Como indica José Fernández en su investigación, el ayuntamiento refiere en 1931 la necesidad de este mercado, y es que tampoco llegaría a construirse debido a cuestiones económicas: ‘entre las necesidades más sentidas en esta localidad figura la construcción de un mercado a tono con su importancia que llene las exigencias cada vez más perentorias que demanda el constante crecimiento de población. El actual mercado de San Agustín (. ..) constituye un verdadero baldón para la capital de Galicia.’. En 1932, al fin, se aprobaría la construcción del actual mercado, obra de Antonio Tenreiro y Peregrín Estellés.

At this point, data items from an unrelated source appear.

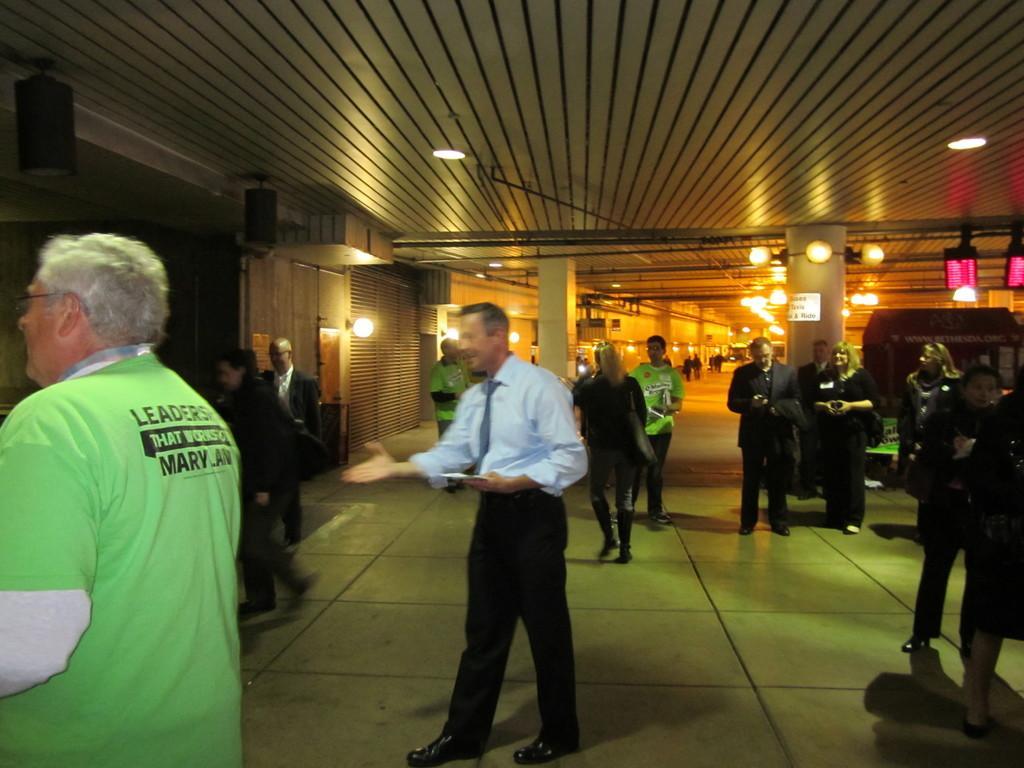Describe this image in one or two sentences. In the middle a man is walking, he wore shirt, trouser,tie. On the left side there is another man, he wore a green color t-shirt. 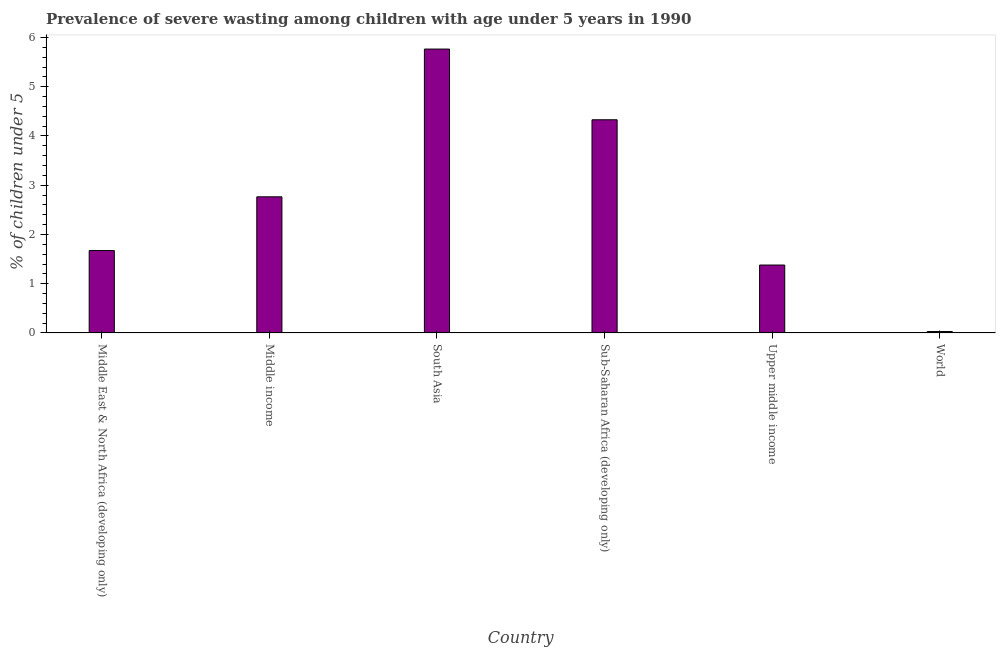Does the graph contain grids?
Provide a succinct answer. No. What is the title of the graph?
Provide a short and direct response. Prevalence of severe wasting among children with age under 5 years in 1990. What is the label or title of the Y-axis?
Offer a very short reply.  % of children under 5. What is the prevalence of severe wasting in Middle income?
Your response must be concise. 2.76. Across all countries, what is the maximum prevalence of severe wasting?
Offer a terse response. 5.77. Across all countries, what is the minimum prevalence of severe wasting?
Provide a short and direct response. 0.03. In which country was the prevalence of severe wasting maximum?
Give a very brief answer. South Asia. What is the sum of the prevalence of severe wasting?
Make the answer very short. 15.94. What is the difference between the prevalence of severe wasting in Middle East & North Africa (developing only) and South Asia?
Your answer should be compact. -4.09. What is the average prevalence of severe wasting per country?
Offer a very short reply. 2.66. What is the median prevalence of severe wasting?
Offer a very short reply. 2.22. What is the ratio of the prevalence of severe wasting in South Asia to that in Sub-Saharan Africa (developing only)?
Your answer should be very brief. 1.33. Is the prevalence of severe wasting in Middle East & North Africa (developing only) less than that in Upper middle income?
Provide a succinct answer. No. Is the difference between the prevalence of severe wasting in Sub-Saharan Africa (developing only) and World greater than the difference between any two countries?
Your answer should be very brief. No. What is the difference between the highest and the second highest prevalence of severe wasting?
Your answer should be very brief. 1.44. Is the sum of the prevalence of severe wasting in South Asia and Upper middle income greater than the maximum prevalence of severe wasting across all countries?
Offer a very short reply. Yes. What is the difference between the highest and the lowest prevalence of severe wasting?
Ensure brevity in your answer.  5.74. How many bars are there?
Provide a short and direct response. 6. Are all the bars in the graph horizontal?
Give a very brief answer. No. Are the values on the major ticks of Y-axis written in scientific E-notation?
Your answer should be very brief. No. What is the  % of children under 5 in Middle East & North Africa (developing only)?
Your answer should be very brief. 1.67. What is the  % of children under 5 of Middle income?
Provide a succinct answer. 2.76. What is the  % of children under 5 in South Asia?
Provide a short and direct response. 5.77. What is the  % of children under 5 in Sub-Saharan Africa (developing only)?
Ensure brevity in your answer.  4.33. What is the  % of children under 5 of Upper middle income?
Offer a terse response. 1.38. What is the  % of children under 5 of World?
Your answer should be very brief. 0.03. What is the difference between the  % of children under 5 in Middle East & North Africa (developing only) and Middle income?
Offer a very short reply. -1.09. What is the difference between the  % of children under 5 in Middle East & North Africa (developing only) and South Asia?
Your answer should be compact. -4.09. What is the difference between the  % of children under 5 in Middle East & North Africa (developing only) and Sub-Saharan Africa (developing only)?
Offer a terse response. -2.66. What is the difference between the  % of children under 5 in Middle East & North Africa (developing only) and Upper middle income?
Keep it short and to the point. 0.29. What is the difference between the  % of children under 5 in Middle East & North Africa (developing only) and World?
Your response must be concise. 1.64. What is the difference between the  % of children under 5 in Middle income and South Asia?
Provide a short and direct response. -3. What is the difference between the  % of children under 5 in Middle income and Sub-Saharan Africa (developing only)?
Give a very brief answer. -1.56. What is the difference between the  % of children under 5 in Middle income and Upper middle income?
Your response must be concise. 1.39. What is the difference between the  % of children under 5 in Middle income and World?
Offer a very short reply. 2.74. What is the difference between the  % of children under 5 in South Asia and Sub-Saharan Africa (developing only)?
Give a very brief answer. 1.44. What is the difference between the  % of children under 5 in South Asia and Upper middle income?
Keep it short and to the point. 4.39. What is the difference between the  % of children under 5 in South Asia and World?
Make the answer very short. 5.74. What is the difference between the  % of children under 5 in Sub-Saharan Africa (developing only) and Upper middle income?
Provide a short and direct response. 2.95. What is the difference between the  % of children under 5 in Sub-Saharan Africa (developing only) and World?
Offer a terse response. 4.3. What is the difference between the  % of children under 5 in Upper middle income and World?
Your response must be concise. 1.35. What is the ratio of the  % of children under 5 in Middle East & North Africa (developing only) to that in Middle income?
Make the answer very short. 0.6. What is the ratio of the  % of children under 5 in Middle East & North Africa (developing only) to that in South Asia?
Keep it short and to the point. 0.29. What is the ratio of the  % of children under 5 in Middle East & North Africa (developing only) to that in Sub-Saharan Africa (developing only)?
Keep it short and to the point. 0.39. What is the ratio of the  % of children under 5 in Middle East & North Africa (developing only) to that in Upper middle income?
Offer a very short reply. 1.21. What is the ratio of the  % of children under 5 in Middle East & North Africa (developing only) to that in World?
Give a very brief answer. 58.76. What is the ratio of the  % of children under 5 in Middle income to that in South Asia?
Your answer should be very brief. 0.48. What is the ratio of the  % of children under 5 in Middle income to that in Sub-Saharan Africa (developing only)?
Provide a succinct answer. 0.64. What is the ratio of the  % of children under 5 in Middle income to that in Upper middle income?
Provide a succinct answer. 2. What is the ratio of the  % of children under 5 in Middle income to that in World?
Offer a terse response. 97.09. What is the ratio of the  % of children under 5 in South Asia to that in Sub-Saharan Africa (developing only)?
Make the answer very short. 1.33. What is the ratio of the  % of children under 5 in South Asia to that in Upper middle income?
Your answer should be compact. 4.18. What is the ratio of the  % of children under 5 in South Asia to that in World?
Provide a short and direct response. 202.48. What is the ratio of the  % of children under 5 in Sub-Saharan Africa (developing only) to that in Upper middle income?
Make the answer very short. 3.14. What is the ratio of the  % of children under 5 in Sub-Saharan Africa (developing only) to that in World?
Offer a very short reply. 152.05. What is the ratio of the  % of children under 5 in Upper middle income to that in World?
Make the answer very short. 48.43.

Hasta aquí, el relato no sería quizás diferente de otros edificios. En este caso se constituiría como el prólogo al magnífico proyecto del actual mercado de San Agustín. Pero hay algunos pequeños proyectos paralelos que acompañan a esta historia central. La reflexión sobre el comercio en la ciudad iniciada en la segunda mitad del siglo diecinueve, dispuesta en relación con el lenguaje arquitectónico derivado de la lluvia, creó una necesidad y una solución al mismo tiempo. Pedro Mariño plantea una solución similar a las galerías de Vittorio Emanuele II (Giuseppe Mengoni, Milán, 1861-1877), Umerto I (Emmanuele Rocco, Ernesto di Mauro, Nápoles, 1887-1890) o al pasaje Gutiérrez (Jerónimo Ortiz de Urbina, Valladolid, 1886). A finales del diecinueve, Pedro Mariño desarrolla un proyecto para cubrir la calle San Andrés en el tramo que llegaba hasta el mercado (actuales estrecha de San Andrés y Marqués de Pontejos). Esta propuesta implicaba ampliar el ancho de la vía mediante expropiaciones y regularizaciones del parcelario. En 1927, Mariño junto con Antonio Tenreiro y Peregrín Estellés plantean la cubrición de la calle Durán Loriga, por entonces otro de los centros comerciales de la ciudad. Décadas después, se plantearían nuevas propuestas para cubrir otras calles comerciales, como la calle Real, pero de momento ninguna de ellas ha sido construida.
Imágenes bajo la lluvia
La relación de una ciudad con aquellos condicionantes que son ineludibles, como la topografía o el clima determinan su morfología. Pero hay aspectos en esa relación estructural que se someten a crisis cada vez que algún proyecto de cierta relevancia se asoma con vocación transformadora. El avance de la tecnología y los cambios sociales se encuentran en la base detonante de esa mirada crítica. Y si la lluvia en Coruña es algo casi tan identitario como las galerías, quizás deba ser una premisa más del proyecto no sólo en términos constructivos. Arquitecturas del agua, que se encuentran en un punto intermedio entre el mar y la lluvia creando una atmósfera luminosa, brillante e inequívoca que sólo puede pertenecer a Coruña.